Justice Musa Kurya of a Federal High Court in Lagos on Friday entered judgment in favour of the Lagos State Government in a suit by some deportees over breach of rights.
The applicants, Rosemary Nathaniel, Friday Ndukwe, Grace Igbochi, Ugulori Tutua, Chinyere Nicholas and Osondu Mbuto filed the suit on their behalf and 77 others, seeking enforcement of their rights.
Joined as respondents in the suit are the Lagos State Government, the state attorney-general and the commissioner of police in the state.
The applicants had sought a declaration that their alleged arrest, remand and forceful deportation from Lagos to Onitsha, Anambra State, in 2012 by the government, on the ground that they were non-indigenes of Lagos, was a violation of their personal liberty and freedom of movement.
The applicants had prayed the court to declare that the alleged action was a violation of Sections 35, 41(1) and 42 of the Constitution and Articles 6,12, 2 and 28 of the African Charter on Human and People’s Rights.
They wanted the court to award damages in the sum of N2 billion against the Lagos State Government and its agents, for the alleged breach of rights.
The applicants had also sought an order of the court compelling the respondents to apologise to them in at least three national dailies.
Justice Kurya held that there were conflicts in the affidavit evidence tendered by both parties, which ought to be resolved by oral evidence.
He said that efforts were made to serve the respondents with the court processes.
“Efforts have been made to get the respondents served, and from the proof of service, they have been served consequent upon which they filed their counter-affidavit.
“The respondents’ case is a complete denial of the facts and circumstances as put forward by the applicants.
“The respondents said in their affidavit that they did not deport the applicants to any place outside the territory of Lagos State at anytime.
“They said that, in furtherance of state government’s policy to cater for the welfare of citizens irrespective of their origins, the applicants were rescued from different parts of state while they were begging for arms and engaging in vices.

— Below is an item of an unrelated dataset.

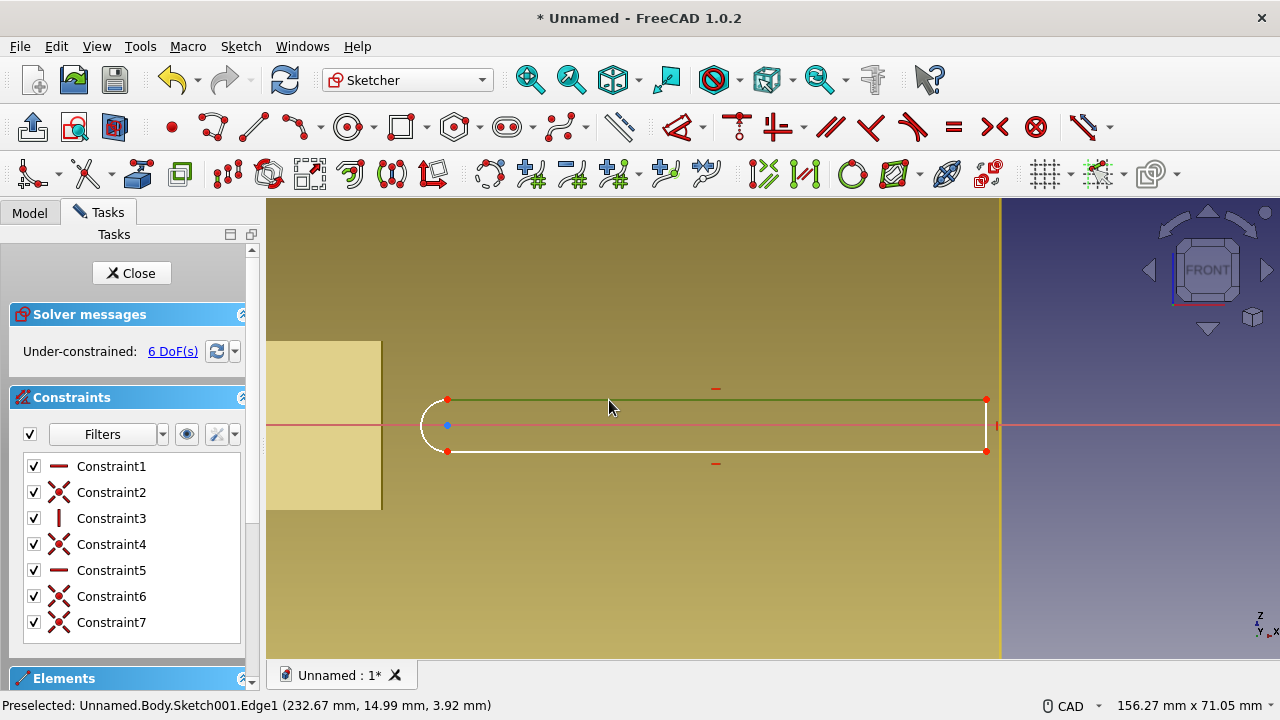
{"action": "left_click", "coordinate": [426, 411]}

“The respondents said that those who could not provide details of their places of residence or businesses were taken to a rehabilitation centre at Majidun, Lagos, and given an opportunity to acquire vocational skills.

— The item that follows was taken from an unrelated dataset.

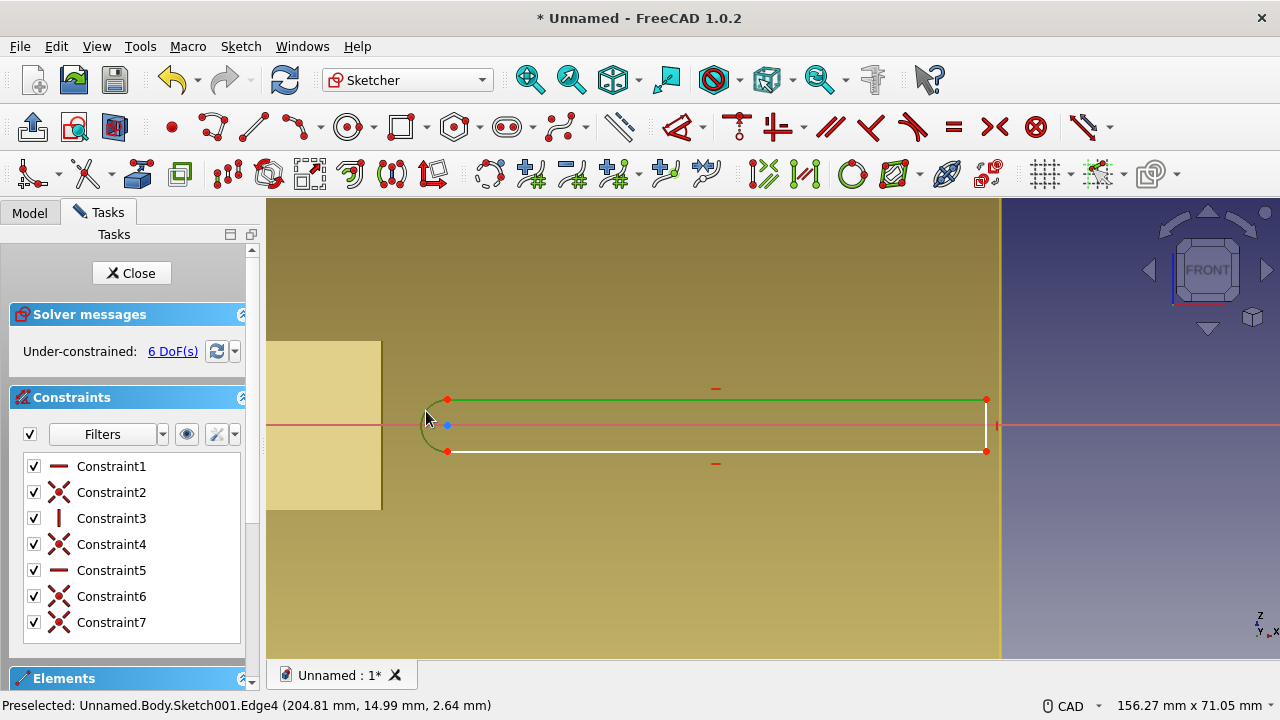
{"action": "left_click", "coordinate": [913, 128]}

“They said that it was three months after that the applicants’ home state contacted the respondents and the applicant, who had successfully completed their programme and indicated their intention to rejoin their families.
“The respondents decided to assist the applicants in getting back to their families.
“It is trite law that where there are conflicts in affidavit evidence; it is normally resolved by oral evidence, and applicant counsel did not call for such oral evidence.
“The court was therefore, left with no option but to decide the matter on available evidence.
“I do not find any substance in the case of the applicant; there seems to be truth in the respondents’ averment.
“Consequently, judgment is entered in favour of the respondents against the applicant with no cost awarded to either party,” Kurya held.
The counsel to the applicants, Mr John Nwokwu, had argued that it was unlawful for Lagos State or any other state in the country to forcefully remove a citizen of Nigeria from its geographical boundary on account of indigeneship.
Nwokwu had prayed the court to order Lagos State to go in search of the said deported Igbo indigenes and to return them to Lagos.
He had also prayed for an order restraining the respondents from further deporting the applicants out of the state.
However, the Lagos State Government argued in its counter affidavit that the applicants’ deportation to Onitsha was not done out of malice but with the intention of re-uniting them with their families.
Lagos State averred that the applicants were assisted to re-join their families after pleading that they had no homes, relatives or businesses in Lagos State.